**WORK TASK:** Scan the lines below for the string "starting" and report how many lines contain it, giving only the number.

**SOURCE MATERIAL:**
________________

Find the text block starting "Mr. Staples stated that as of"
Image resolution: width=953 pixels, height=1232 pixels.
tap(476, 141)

________________

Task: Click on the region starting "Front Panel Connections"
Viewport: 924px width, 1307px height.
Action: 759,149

________________

**RESPONSE AREA:** 2